Another special, Amal’s Grilled Cheese, oozed cheddar, pepper jack and cream cheese, in league with tomato and crisp bacon.
We added the Herbal French, the best of the sampling – Brie and sliced pear on crunchy sourdough. One more: tri-tip with smoked cheddar and horseradish on a French roll. Prices range from $5 to $9.50; there’s flatbread pizza too.
“If I was running around downtown and had 15 minutes to eat, this is where I would go,” said a lunch pal.
That’s a good choice.
Warning! Or not ...
Recently, the well-regarded but excitable Center for Science in the Public Interest labeled Long John Silver’s new entree item “the nation’s deadliest restaurant meal.”
The chain’s Big Catch is a large fillet of haddock, hush puppies and a side.
The consumer-advocacy group sponsored lab tests that showed the Big Catch “has 33 grams of trans fat, 19 grams of saturated fat and nearly 3,700 milligrams of sodium.” The CSPI chose onion rings for its side, not the optional french fries, corn, green beans, rice or coleslaw.

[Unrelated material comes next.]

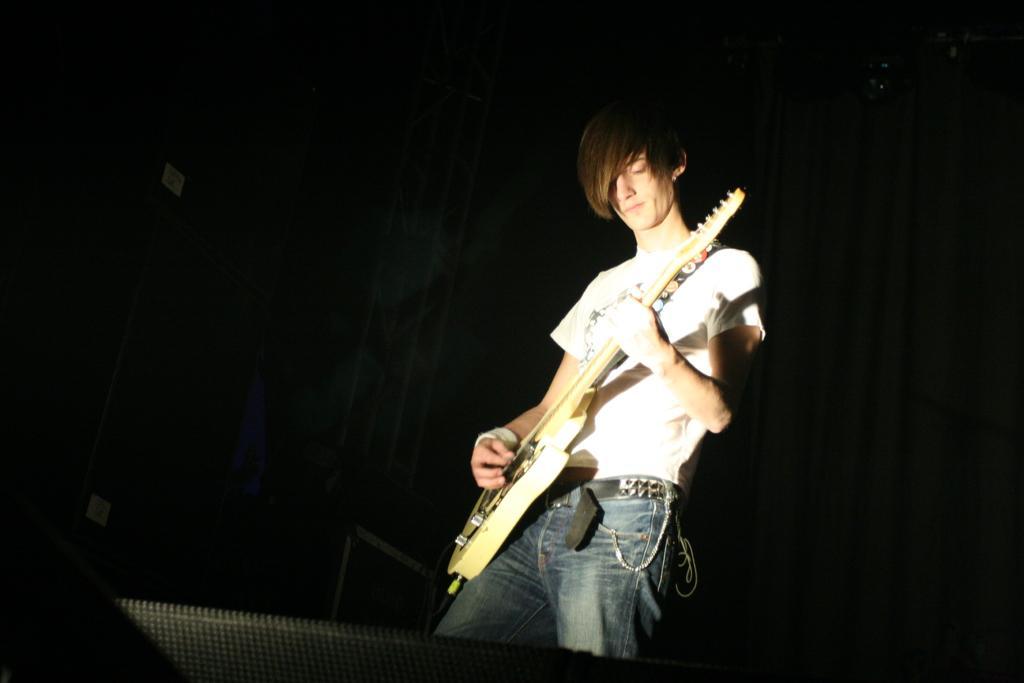Could you give a brief overview of what you see in this image? In this image, we can see a person playing a guitar. Background there is a dark view. Here we can see few rods. At the bottom, we can see the black color object. 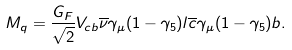<formula> <loc_0><loc_0><loc_500><loc_500>M _ { q } = \frac { G _ { F } } { \sqrt { 2 } } V _ { c b } \overline { \nu } \gamma _ { \mu } ( 1 - \gamma _ { 5 } ) l \overline { c } \gamma _ { \mu } ( 1 - \gamma _ { 5 } ) b .</formula>

The version of the Big Catch the CSPI had tested sure didn’t originate in California. We know that because in January 2010 California became the first state to ban restaurants from preparing their offerings using “oil, margarine and shortening containing trans fat.” Trans fat has been linked to the increased risk of coronary artery disease.
Diners in California can at least erase concerns over the CSPI’s “33 grams of trans fat” finding.
As for the Big Catch: We thought the fish was way oversalted, but the steaming-hot fillet was moist and flaky, jacketed in a thin, crunchy coating. It’s $4.99 while supplies last; www.ljsilvers.com.